#### Exercise brief:
Give the lines again exactly, from the one holding "text Wanneer er" to the last line of the listing below, both ends included and nothing added.

#### Records for processing:
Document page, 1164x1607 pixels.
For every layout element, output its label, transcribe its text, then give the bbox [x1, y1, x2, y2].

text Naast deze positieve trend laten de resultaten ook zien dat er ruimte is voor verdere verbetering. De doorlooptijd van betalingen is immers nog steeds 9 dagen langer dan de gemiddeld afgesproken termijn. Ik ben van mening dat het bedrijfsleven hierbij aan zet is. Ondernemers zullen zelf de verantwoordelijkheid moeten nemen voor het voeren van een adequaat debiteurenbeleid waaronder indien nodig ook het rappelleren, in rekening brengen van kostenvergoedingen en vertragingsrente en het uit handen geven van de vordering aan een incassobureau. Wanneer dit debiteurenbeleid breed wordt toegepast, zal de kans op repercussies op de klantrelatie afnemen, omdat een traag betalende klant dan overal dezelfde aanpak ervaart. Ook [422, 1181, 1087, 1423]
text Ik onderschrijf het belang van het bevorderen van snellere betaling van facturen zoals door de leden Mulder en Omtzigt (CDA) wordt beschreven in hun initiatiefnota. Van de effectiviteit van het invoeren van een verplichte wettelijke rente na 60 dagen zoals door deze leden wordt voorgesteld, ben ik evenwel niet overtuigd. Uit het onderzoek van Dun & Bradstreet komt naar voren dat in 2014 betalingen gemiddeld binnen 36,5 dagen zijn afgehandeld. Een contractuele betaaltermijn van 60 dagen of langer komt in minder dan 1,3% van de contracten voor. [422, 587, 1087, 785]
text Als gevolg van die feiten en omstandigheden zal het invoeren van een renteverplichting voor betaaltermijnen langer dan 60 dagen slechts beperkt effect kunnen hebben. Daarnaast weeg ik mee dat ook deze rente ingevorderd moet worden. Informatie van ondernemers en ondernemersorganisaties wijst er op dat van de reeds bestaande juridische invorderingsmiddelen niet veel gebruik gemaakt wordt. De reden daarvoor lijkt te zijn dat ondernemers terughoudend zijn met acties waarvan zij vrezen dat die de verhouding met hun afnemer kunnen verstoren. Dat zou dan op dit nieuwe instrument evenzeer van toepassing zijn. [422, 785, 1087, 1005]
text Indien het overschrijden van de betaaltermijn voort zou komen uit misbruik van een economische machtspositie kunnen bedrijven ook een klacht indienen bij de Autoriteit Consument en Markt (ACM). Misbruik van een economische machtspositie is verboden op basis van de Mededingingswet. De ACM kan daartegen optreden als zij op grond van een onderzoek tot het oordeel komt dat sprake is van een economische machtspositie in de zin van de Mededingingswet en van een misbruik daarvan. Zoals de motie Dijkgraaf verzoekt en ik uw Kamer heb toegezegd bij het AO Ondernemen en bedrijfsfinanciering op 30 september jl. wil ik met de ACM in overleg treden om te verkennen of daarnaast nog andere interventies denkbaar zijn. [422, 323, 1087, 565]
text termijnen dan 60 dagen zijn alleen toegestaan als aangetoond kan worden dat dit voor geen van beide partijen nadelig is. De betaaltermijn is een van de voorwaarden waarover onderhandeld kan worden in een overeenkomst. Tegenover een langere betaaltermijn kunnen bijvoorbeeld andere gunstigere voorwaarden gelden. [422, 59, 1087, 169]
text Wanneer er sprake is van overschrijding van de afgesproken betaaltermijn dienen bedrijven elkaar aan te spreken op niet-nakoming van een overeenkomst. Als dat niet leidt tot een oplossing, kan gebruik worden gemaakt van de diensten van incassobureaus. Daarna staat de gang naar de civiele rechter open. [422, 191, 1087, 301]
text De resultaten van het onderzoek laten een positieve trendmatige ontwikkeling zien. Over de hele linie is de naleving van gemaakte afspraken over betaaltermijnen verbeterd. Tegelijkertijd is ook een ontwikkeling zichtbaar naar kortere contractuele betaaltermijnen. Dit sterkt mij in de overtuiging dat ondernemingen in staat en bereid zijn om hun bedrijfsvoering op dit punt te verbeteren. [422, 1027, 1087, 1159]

#### Answer for the task:
text Wanneer er sprake is van overschrijding van de afgesproken betaaltermijn dienen bedrijven elkaar aan te spreken op niet-nakoming van een overeenkomst. Als dat niet leidt tot een oplossing, kan gebruik worden gemaakt van de diensten van incassobureaus. Daarna staat de gang naar de civiele rechter open. [422, 191, 1087, 301]
text De resultaten van het onderzoek laten een positieve trendmatige ontwikkeling zien. Over de hele linie is de naleving van gemaakte afspraken over betaaltermijnen verbeterd. Tegelijkertijd is ook een ontwikkeling zichtbaar naar kortere contractuele betaaltermijnen. Dit sterkt mij in de overtuiging dat ondernemingen in staat en bereid zijn om hun bedrijfsvoering op dit punt te verbeteren. [422, 1027, 1087, 1159]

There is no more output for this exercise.